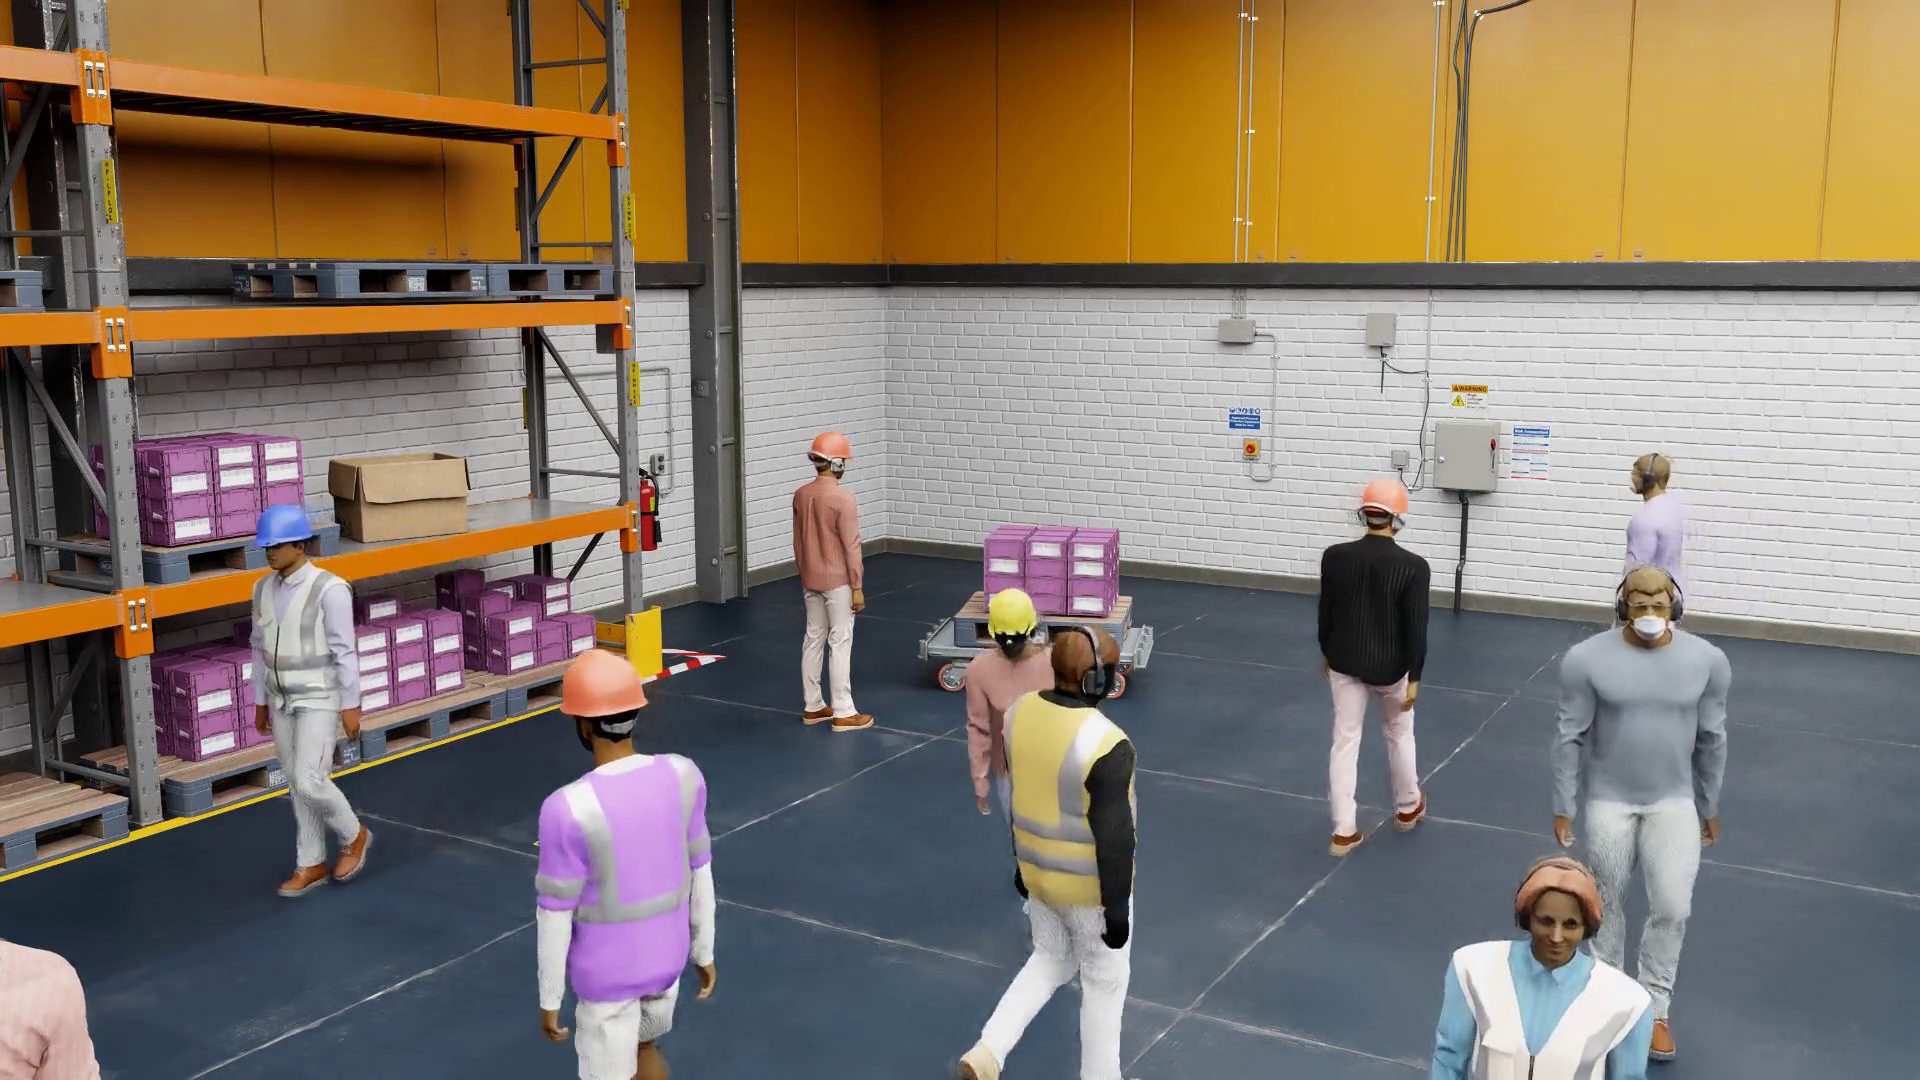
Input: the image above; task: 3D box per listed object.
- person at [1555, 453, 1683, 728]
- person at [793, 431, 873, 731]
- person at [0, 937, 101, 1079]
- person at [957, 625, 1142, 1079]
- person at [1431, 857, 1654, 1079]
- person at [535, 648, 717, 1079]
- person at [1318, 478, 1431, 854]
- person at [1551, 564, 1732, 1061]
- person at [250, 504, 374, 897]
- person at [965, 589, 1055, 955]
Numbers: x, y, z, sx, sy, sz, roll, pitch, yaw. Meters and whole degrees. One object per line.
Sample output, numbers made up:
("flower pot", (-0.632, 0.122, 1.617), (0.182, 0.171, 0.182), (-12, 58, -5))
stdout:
("person", (4.453, 0.377, 10.768), (1.005, 1.891, 0.644), (6, 11, 34))
("person", (-0.858, 0.272, 11.066), (0.611, 1.995, 0.377), (9, 13, 43))
("person", (-2.182, 1.510, 3.638), (0.639, 1.902, 0.406), (-3, 10, -17))
("person", (0.356, 1.195, 5.839), (0.675, 1.819, 0.636), (-7, 11, -35))
("person", (1.462, 1.557, 4.216), (0.511, 1.611, 0.769), (5, 10, 29))
("person", (-1.028, 1.272, 5.048), (0.497, 1.918, 0.583), (9, 13, 44))
("person", (2.229, 0.639, 8.883), (0.621, 1.961, 0.915), (5, 10, 28))
("person", (2.630, 1.049, 6.452), (0.650, 1.914, 0.678), (3, 9, 15))
("person", (-3.193, 0.780, 8.075), (0.639, 1.934, 0.430), (5, 10, 27))
("person", (0.289, 1.041, 7.141), (0.573, 1.703, 0.832), (3, 10, 18))
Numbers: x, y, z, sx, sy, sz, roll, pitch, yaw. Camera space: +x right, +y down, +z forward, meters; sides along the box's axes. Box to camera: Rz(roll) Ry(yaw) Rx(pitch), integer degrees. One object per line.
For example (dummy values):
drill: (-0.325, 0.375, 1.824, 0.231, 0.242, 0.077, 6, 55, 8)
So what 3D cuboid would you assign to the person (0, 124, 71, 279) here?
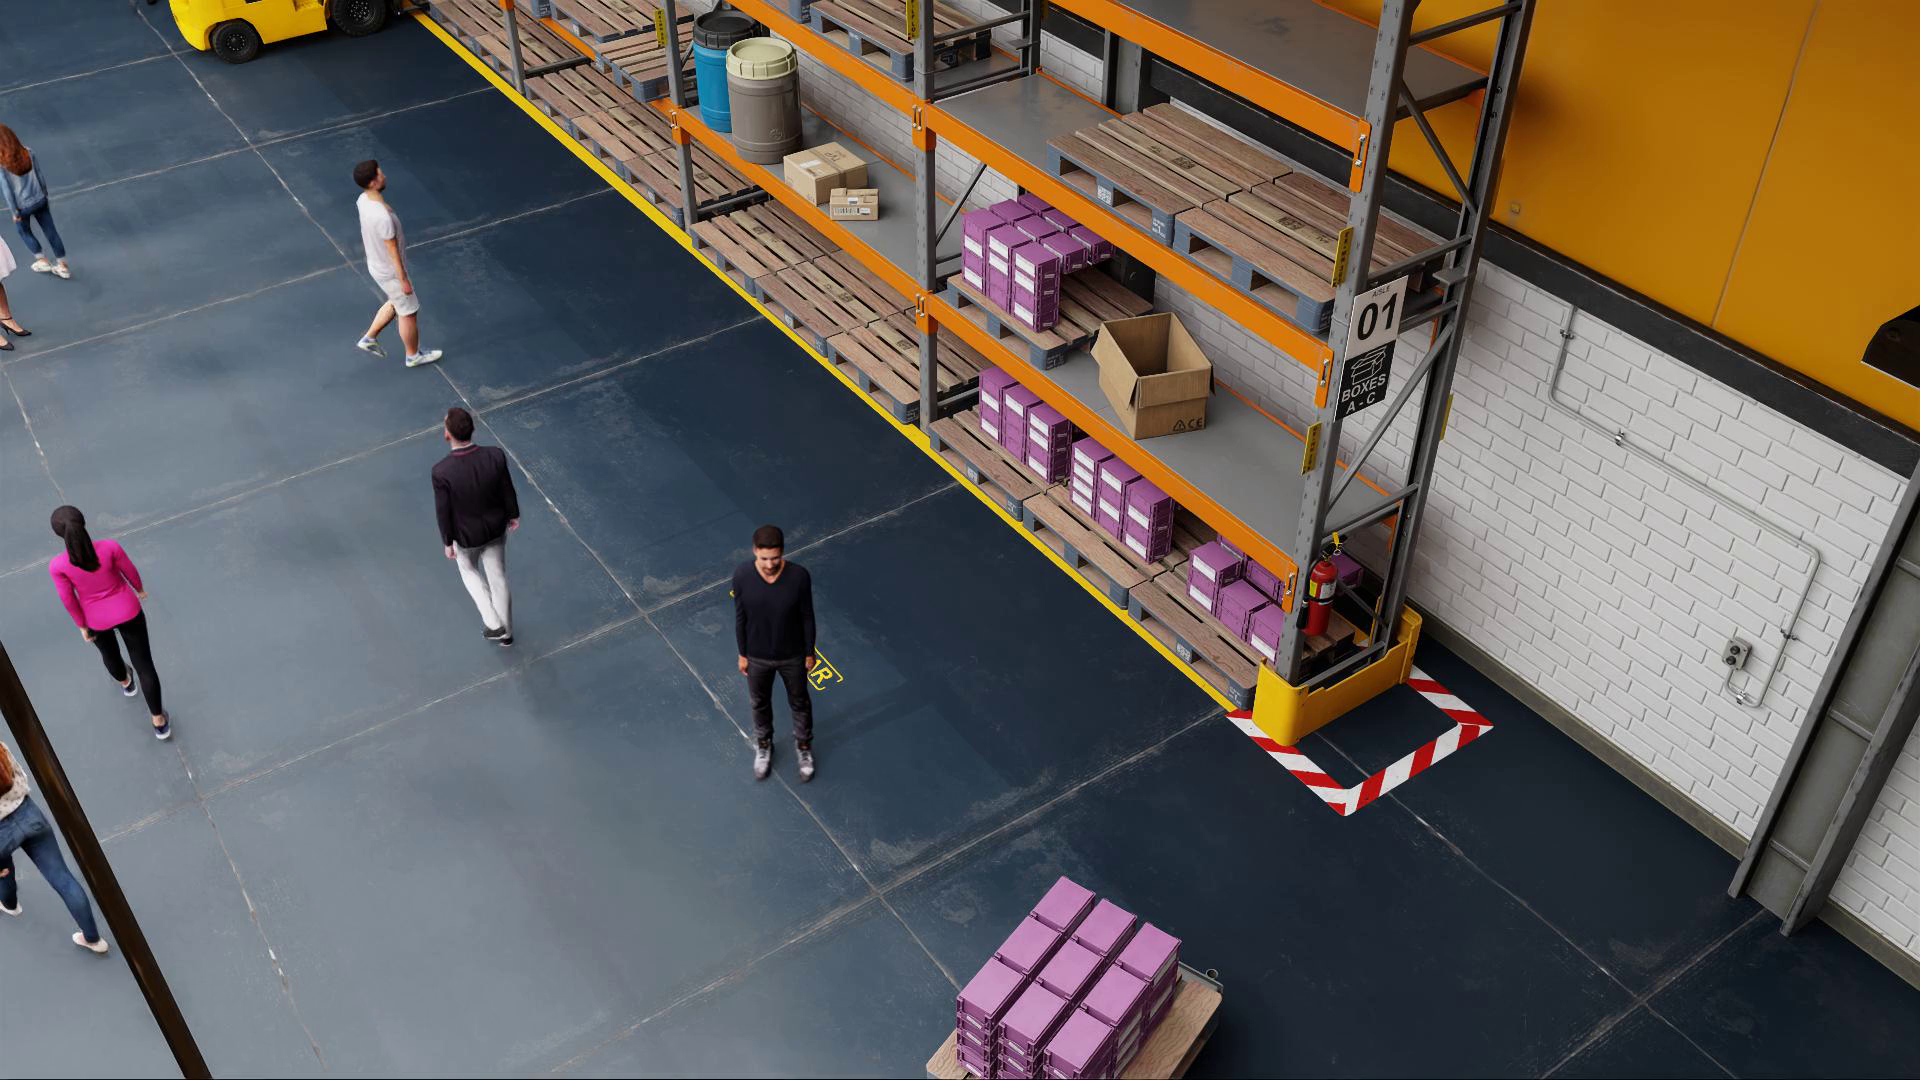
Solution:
person: (-8.186, -2.970, 14.718, 0.775, 1.465, 0.724, 20, 43, 23)

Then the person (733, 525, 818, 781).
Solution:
person: (-1.092, 0.645, 9.870, 0.721, 1.867, 0.746, 0, 39, -1)

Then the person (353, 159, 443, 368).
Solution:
person: (-4.691, -2.170, 13.413, 0.756, 1.844, 0.806, -21, 43, -24)

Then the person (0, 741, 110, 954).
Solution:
person: (-4.968, 1.589, 8.834, 1.183, 1.685, 0.871, 22, 44, 26)

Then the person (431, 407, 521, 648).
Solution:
person: (-3.062, -0.006, 10.714, 0.697, 1.831, 0.626, -21, 43, -25)

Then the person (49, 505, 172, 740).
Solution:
person: (-5.159, 0.521, 10.186, 0.681, 1.666, 1.023, -18, 42, -21)
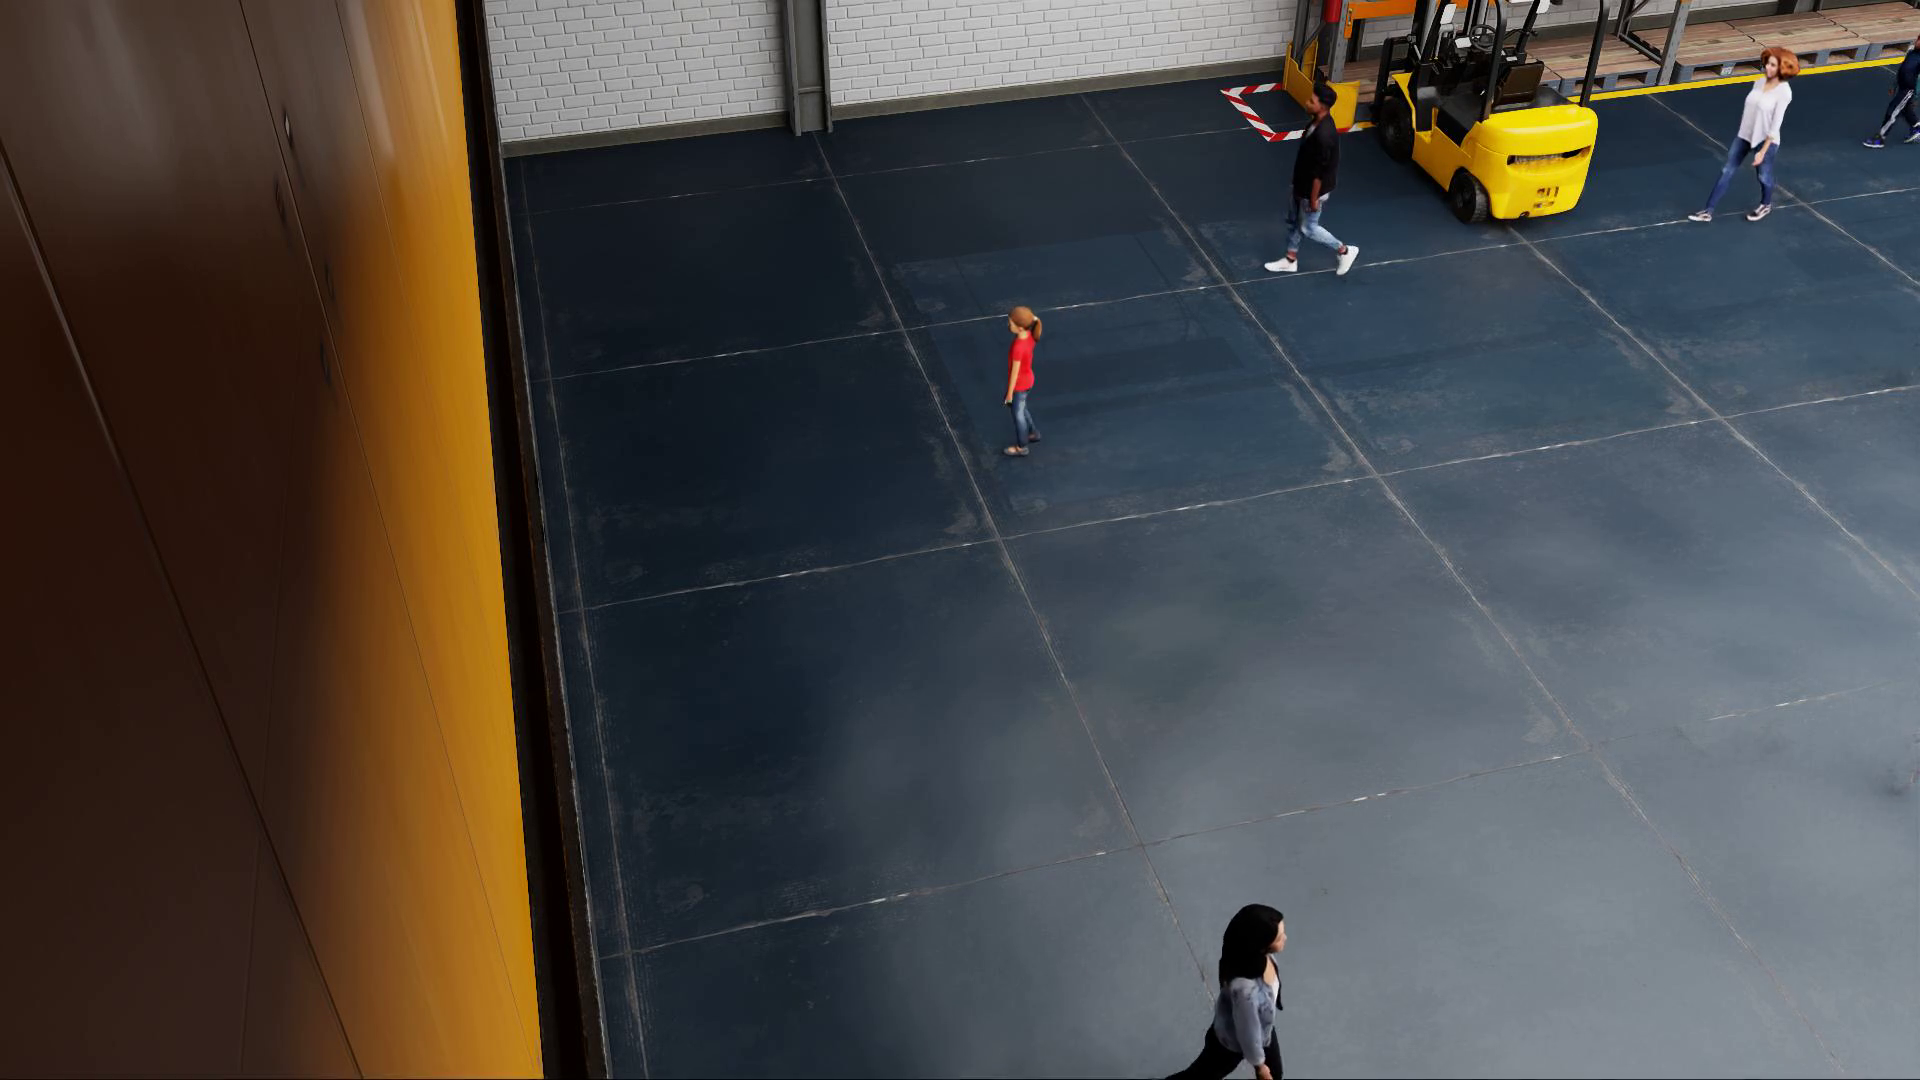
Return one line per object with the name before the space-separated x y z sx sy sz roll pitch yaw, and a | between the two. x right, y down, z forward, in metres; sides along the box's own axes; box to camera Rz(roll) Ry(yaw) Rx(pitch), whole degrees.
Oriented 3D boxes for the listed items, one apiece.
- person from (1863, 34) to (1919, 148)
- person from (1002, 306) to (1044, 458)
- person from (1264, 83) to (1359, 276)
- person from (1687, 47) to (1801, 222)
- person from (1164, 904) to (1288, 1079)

[WHAT YOU WILL DO]: Restate the records word for word and drop the images.

[EXERCISE RESULT]:
Input: the image above; task: 3D box per listed object.
- person at [1555, 453, 1683, 728]
- person at [793, 431, 873, 731]
- person at [0, 937, 101, 1079]
- person at [957, 625, 1142, 1079]
- person at [1431, 857, 1654, 1079]
- person at [535, 648, 717, 1079]
- person at [1318, 478, 1431, 854]
- person at [1551, 564, 1732, 1061]
- person at [250, 504, 374, 897]
- person at [965, 589, 1055, 955]
Numbers: x, y, z, sx, sy, sz, roll, pitch, yaw. Meters and whole degrees. One object per line.
Sample output, numbers made up:
("flower pot", (-0.632, 0.122, 1.617), (0.182, 0.171, 0.182), (-12, 58, -5))
stdout:
("person", (4.453, 0.377, 10.768), (1.005, 1.891, 0.644), (6, 11, 34))
("person", (-0.858, 0.272, 11.066), (0.611, 1.995, 0.377), (9, 13, 43))
("person", (-2.182, 1.510, 3.638), (0.639, 1.902, 0.406), (-3, 10, -17))
("person", (0.356, 1.195, 5.839), (0.675, 1.819, 0.636), (-7, 11, -35))
("person", (1.462, 1.557, 4.216), (0.511, 1.611, 0.769), (5, 10, 29))
("person", (-1.028, 1.272, 5.048), (0.497, 1.918, 0.583), (9, 13, 44))
("person", (2.229, 0.639, 8.883), (0.621, 1.961, 0.915), (5, 10, 28))
("person", (2.630, 1.049, 6.452), (0.650, 1.914, 0.678), (3, 9, 15))
("person", (-3.193, 0.780, 8.075), (0.639, 1.934, 0.430), (5, 10, 27))
("person", (0.289, 1.041, 7.141), (0.573, 1.703, 0.832), (3, 10, 18))
Numbers: x, y, z, sx, sy, sz, roll, pitch, yaw. Camera space: +x right, +y down, +z forward, meters; sides along the box's axes. Box to camera: Rz(roll) Ry(yaw) Rx(pitch), integer degrees. One object per line.
For example (dummy values):
drill: (-0.325, 0.375, 1.824, 0.231, 0.242, 0.077, 6, 55, 8)
So what 3D cuboid would you assign to the person (0, 124, 71, 279) here?
Solution:
person: (-8.186, -2.970, 14.718, 0.775, 1.465, 0.724, 20, 43, 23)

Then the person (733, 525, 818, 781).
Solution:
person: (-1.092, 0.645, 9.870, 0.721, 1.867, 0.746, 0, 39, -1)

Then the person (353, 159, 443, 368).
Solution:
person: (-4.691, -2.170, 13.413, 0.756, 1.844, 0.806, -21, 43, -24)

Then the person (0, 741, 110, 954).
Solution:
person: (-4.968, 1.589, 8.834, 1.183, 1.685, 0.871, 22, 44, 26)

Then the person (431, 407, 521, 648).
Solution:
person: (-3.062, -0.006, 10.714, 0.697, 1.831, 0.626, -21, 43, -25)

Then the person (49, 505, 172, 740).
Solution:
person: (-5.159, 0.521, 10.186, 0.681, 1.666, 1.023, -18, 42, -21)
Return one line per object with the name before the space-separated x y z sx sy sz roll pitch yaw, and a | between the two. x right, y down, z forward, in metres; sides along the box's own axes; box to camera Rz(roll) Ry(yaw) Rx(pitch), whole degrees.
Oriented 3D boxes for the listed items, one apiece.
- person from (1863, 34) to (1919, 148)
- person from (1002, 306) to (1044, 458)
- person from (1264, 83) to (1359, 276)
- person from (1687, 47) to (1801, 222)
- person from (1164, 904) to (1288, 1079)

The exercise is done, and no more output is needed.